The fact that so many reviewers have Pixels as their daily drivers speaks for itself. These people even explain why this is the case: the software. The software defines how you use a device. And in that regard, the Pixel UI is simply better than TouchWiz. Maybe not in total software features. But in actual usage, it is prominently smoother and more consistent; everybody works more effortlessly and reliably every time, every day, every week and every month. I know this for a fact based on my own experience with flagship phones from all the large OEMs.
Maybe software isn’t as important to you (or maybe you just haven’t tried the Pixel – which I suspect is the case). But it is a lot of other people. And I know for a fact that when I introduced people who don’t know about the Pixel to it, they appreciate its software experience more than any other phone they’ve used.

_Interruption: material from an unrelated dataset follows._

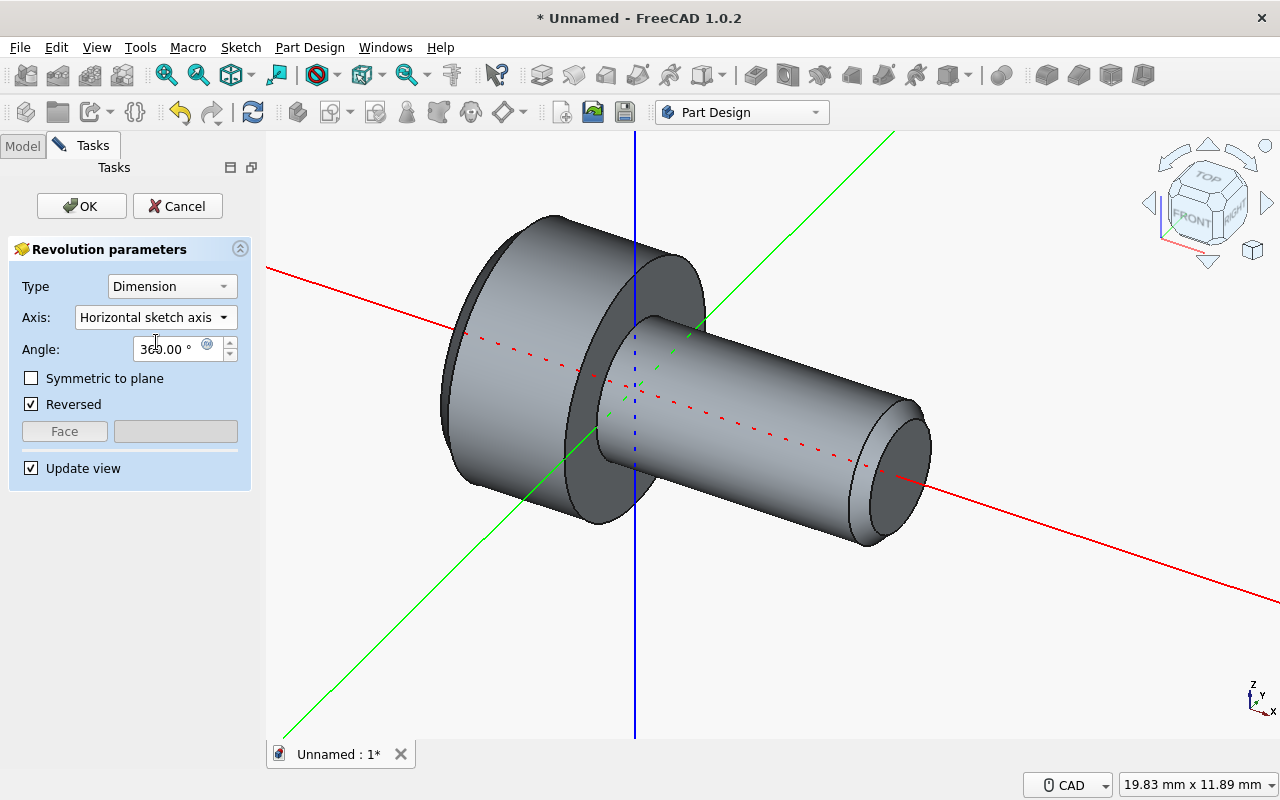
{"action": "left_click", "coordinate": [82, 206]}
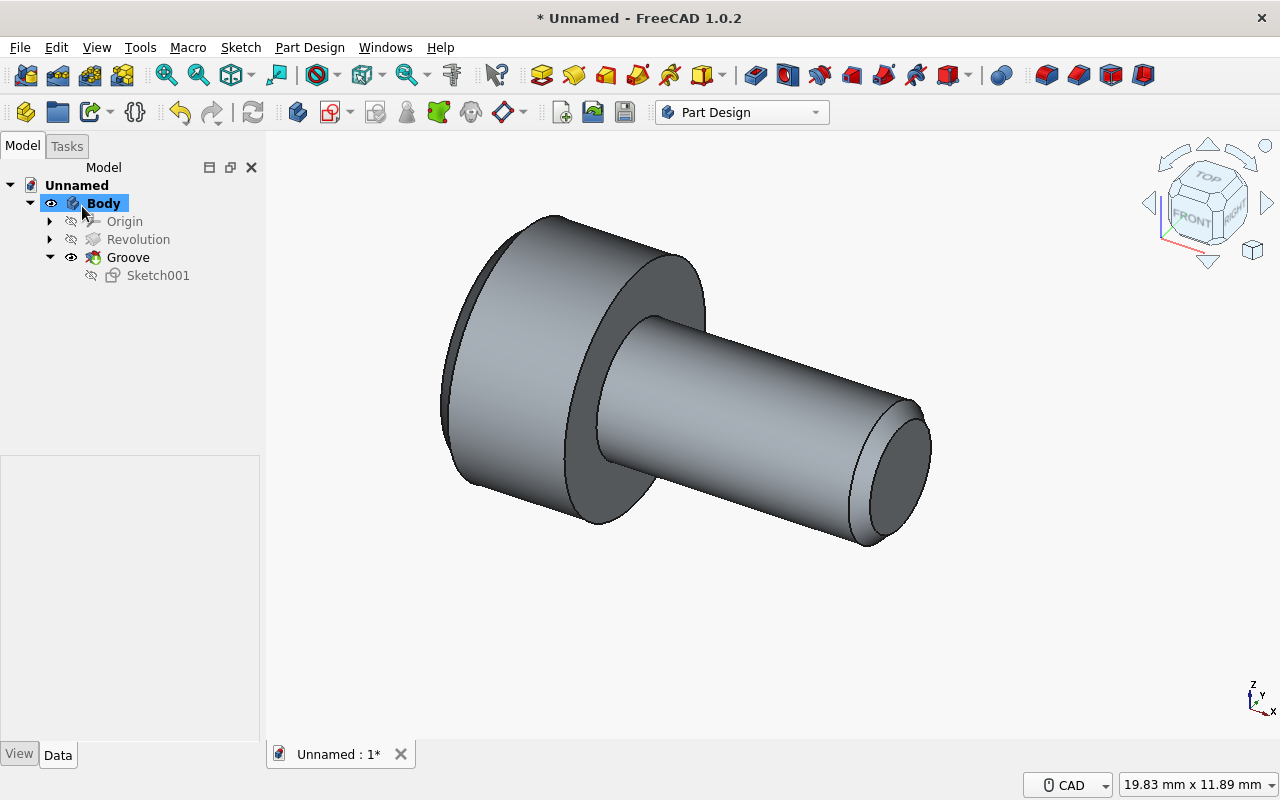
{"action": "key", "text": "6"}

generalako - Wednesday, January 24, 2018 - link
The level of absurdity in your post is ridiculous."Stock doesn't sell", what? Did you ever think that the correlation between marketing costs, like advertisements, and sales of units, has something to do with it? The high marketing costs of Samsung and Apple over the years, as well asappropriation of market shareis why their phones are so popular. It's not down to any independent popular, no more than McDonald's superiority as the most popular food chain is down to their food being the best out there of any restaurant?
As for updates, Google’s updates are nowhere near as buggy as those of Apple's have been the recent years (iOS 11, for example, is a complete disaster). Nor is it as buggy as when OEMs like Samsung update their phones to newer Android versions, which they always implement poorly.
The effect of the updates on older devices is almost different. I've had a wide range of Nexus devices over the years, and almost all of them have only gotten better with newer updates, as opposed to Apple iPhone and iPad units, or quite a few Samsung units. Nexus 5 just got better with newer updates, increasing in smoothness and battery life. Nexus 5X recently got quite a lot better battery because of the Oreo update. The update last year with HDR+ also made the camera better. Not to mention a general improvement in smoothness as well with Nougat and Oreo updates. My Nexus 7 kept getting better for every update as well.
You also claim iOS to be smoother, which is again wrong. Here you clearly reveal that you haven't used the Pixel or Pixel 2. Because if you did, you'd know that stock Android, or at least Pixel UI, has been smoother than iOS in general since Nougat. The rest of the garbage that OEMs deliver certainly isn’t smoother (EMUI, MIUI, LG UX, TouchWiz, Sense, etc) – but stock Android is. That is, it overall has fewer microstutters, frame drops and jitter and jank in animation and tasks than iOS. Sure, iOS is better in certain important instances, like scrolling, zooming -- the browser experience on iOS is far superior. But overall, Android is a smoother experience. I know this because I use devices on both platforms, and have been doing so for years. Hell, even TouchWiz is getting close to iOS in smoothness with the recent Samsung Experience update (which the Note 8 currently runs, and S8 will do with the Oreo update).